Nanoparticles Improve Heat Transfer Fluids

Upgrading may give existing thermal oils substantially better conductivity

By Chemical Processing Staff

Spanish researchers have developed and patented a nanofluid that offers as much as 30% better conductivity than its base heat transfer fluid while maintaining the operating temperature range of that fluid. The team in the multiphase fluid research group at Universitat Jaume I, Castelló de la Plana, achieved the enhanced performance by adding nanoparticles made of carbon and stabilizers to a conventional diphenyl/diphenyl-oxide heat transfer fluid. The nanoparticles are inexpensive. Incorporating them should incur an incremental cost of less than €1/liter (<$4.65/gallon) or under 5% of the cost of the base fluid, notes José Enrique Juliá Bolivar, a professor of fluid mechanics at the university. Moreover, nanoparticle addition can upgrade existing heat transfer systems, he says. “Almost any current heat transfer fluid with a working temperature up to 400°C can be upgraded with our method. In addition, standard pumping and piping systems can be used.”

 
“One of the major problems of nanofluids is their stability, especially at high temperature. Nanoparticles move inside the base fluid and collide. If after the collision they agglomerate, the nanofluid no longer is stable and settles. We managed to get a nanofluid with high nanoparticles concentration and with negligible sedimentation for several days (even when at rest).”
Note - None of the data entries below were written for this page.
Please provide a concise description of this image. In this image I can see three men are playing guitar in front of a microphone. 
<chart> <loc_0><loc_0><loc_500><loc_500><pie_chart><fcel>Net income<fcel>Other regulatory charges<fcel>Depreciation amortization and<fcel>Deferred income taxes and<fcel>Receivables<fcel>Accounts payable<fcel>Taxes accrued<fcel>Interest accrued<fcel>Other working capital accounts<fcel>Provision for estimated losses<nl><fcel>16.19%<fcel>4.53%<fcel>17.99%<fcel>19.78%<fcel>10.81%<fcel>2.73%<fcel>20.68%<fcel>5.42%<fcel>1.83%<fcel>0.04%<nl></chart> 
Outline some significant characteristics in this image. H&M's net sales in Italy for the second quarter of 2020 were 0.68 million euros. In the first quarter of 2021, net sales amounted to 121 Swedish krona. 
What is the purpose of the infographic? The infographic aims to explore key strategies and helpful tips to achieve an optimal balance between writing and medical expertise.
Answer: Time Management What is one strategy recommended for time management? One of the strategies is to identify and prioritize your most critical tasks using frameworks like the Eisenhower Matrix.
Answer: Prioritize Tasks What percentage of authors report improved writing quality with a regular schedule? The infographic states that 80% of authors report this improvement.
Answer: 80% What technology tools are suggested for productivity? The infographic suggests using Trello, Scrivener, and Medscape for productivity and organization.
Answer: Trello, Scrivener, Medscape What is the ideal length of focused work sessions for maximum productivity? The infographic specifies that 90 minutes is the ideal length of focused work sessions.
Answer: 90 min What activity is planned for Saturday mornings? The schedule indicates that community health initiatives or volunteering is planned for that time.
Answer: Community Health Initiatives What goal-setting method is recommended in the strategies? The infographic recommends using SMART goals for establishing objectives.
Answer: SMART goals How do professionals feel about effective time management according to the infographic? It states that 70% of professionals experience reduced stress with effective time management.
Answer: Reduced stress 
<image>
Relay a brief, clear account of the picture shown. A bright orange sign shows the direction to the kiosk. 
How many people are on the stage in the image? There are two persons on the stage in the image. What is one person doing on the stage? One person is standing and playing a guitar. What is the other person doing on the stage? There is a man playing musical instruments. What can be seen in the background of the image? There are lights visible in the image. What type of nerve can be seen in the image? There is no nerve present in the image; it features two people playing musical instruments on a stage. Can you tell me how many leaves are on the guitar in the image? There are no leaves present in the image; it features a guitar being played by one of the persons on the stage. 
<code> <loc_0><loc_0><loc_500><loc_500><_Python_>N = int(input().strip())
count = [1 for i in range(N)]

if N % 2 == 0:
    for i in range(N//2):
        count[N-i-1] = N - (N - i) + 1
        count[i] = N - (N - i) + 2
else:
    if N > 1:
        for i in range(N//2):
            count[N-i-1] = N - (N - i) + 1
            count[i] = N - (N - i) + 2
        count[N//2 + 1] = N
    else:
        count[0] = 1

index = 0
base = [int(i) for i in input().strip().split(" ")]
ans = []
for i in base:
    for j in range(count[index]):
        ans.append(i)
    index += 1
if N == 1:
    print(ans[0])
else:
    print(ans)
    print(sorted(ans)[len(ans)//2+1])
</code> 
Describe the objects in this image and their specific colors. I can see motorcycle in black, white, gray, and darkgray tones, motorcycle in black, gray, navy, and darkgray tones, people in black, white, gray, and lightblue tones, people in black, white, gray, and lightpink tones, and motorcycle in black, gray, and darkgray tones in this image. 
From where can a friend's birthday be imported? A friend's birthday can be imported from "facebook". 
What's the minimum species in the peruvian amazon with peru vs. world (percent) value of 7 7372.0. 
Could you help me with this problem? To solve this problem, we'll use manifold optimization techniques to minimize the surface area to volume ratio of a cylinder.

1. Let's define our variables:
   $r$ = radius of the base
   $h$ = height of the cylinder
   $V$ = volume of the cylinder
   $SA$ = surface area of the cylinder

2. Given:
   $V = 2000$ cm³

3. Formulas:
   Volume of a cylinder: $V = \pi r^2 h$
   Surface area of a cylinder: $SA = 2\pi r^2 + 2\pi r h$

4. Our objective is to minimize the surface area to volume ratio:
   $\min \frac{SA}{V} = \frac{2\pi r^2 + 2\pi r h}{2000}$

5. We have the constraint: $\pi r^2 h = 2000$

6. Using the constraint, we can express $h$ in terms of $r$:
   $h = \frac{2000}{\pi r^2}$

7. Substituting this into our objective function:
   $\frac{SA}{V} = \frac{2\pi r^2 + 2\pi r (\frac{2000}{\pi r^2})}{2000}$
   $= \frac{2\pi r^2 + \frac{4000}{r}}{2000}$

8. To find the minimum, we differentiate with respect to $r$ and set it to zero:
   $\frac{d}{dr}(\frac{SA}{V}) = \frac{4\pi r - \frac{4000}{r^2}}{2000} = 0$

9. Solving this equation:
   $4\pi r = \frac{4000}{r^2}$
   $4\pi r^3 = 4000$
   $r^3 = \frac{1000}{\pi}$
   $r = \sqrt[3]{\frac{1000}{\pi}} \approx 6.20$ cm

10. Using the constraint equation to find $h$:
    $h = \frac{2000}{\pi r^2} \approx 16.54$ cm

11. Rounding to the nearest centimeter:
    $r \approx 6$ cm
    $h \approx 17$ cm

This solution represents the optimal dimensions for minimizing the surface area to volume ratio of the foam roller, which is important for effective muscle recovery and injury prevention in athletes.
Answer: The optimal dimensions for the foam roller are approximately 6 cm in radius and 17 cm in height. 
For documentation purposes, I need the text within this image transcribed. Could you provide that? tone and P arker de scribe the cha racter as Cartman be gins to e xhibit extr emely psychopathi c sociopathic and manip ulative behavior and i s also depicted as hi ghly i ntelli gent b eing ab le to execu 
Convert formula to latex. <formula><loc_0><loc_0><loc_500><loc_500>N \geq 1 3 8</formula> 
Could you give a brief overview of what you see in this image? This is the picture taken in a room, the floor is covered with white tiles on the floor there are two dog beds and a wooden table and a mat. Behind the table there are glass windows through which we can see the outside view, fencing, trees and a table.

The nanoparticles raise the viscosity of the base fluid moderately but not enough to cause pumping problems, he notes. The specific increase depends upon the temperature range of the application but typically runs about 50%, says Juliá Bolivar.

“Our methodology works with almost all synthetic organic/silicone heat transfer fluids. The best known are Therminol VP1 and Dowtherm A but there are more than thirty commercially available heat transfer fluids in which our approach can be applied.”

So far, the nanofluid only has been tested at the laboratory scale. However, the researchers hope to run pilot-scale trials with the support of heat-transfer-fluid makers or other companies. An agreement may be signed by mid-2015, Juliá Bolivar believes.

“Two of the strongest points of this new nanofluid are the low cost of the materials used and that its production is easily implementable. If a company licenses the technology, we hope that the new nanofluid can be on the market in less than one year.”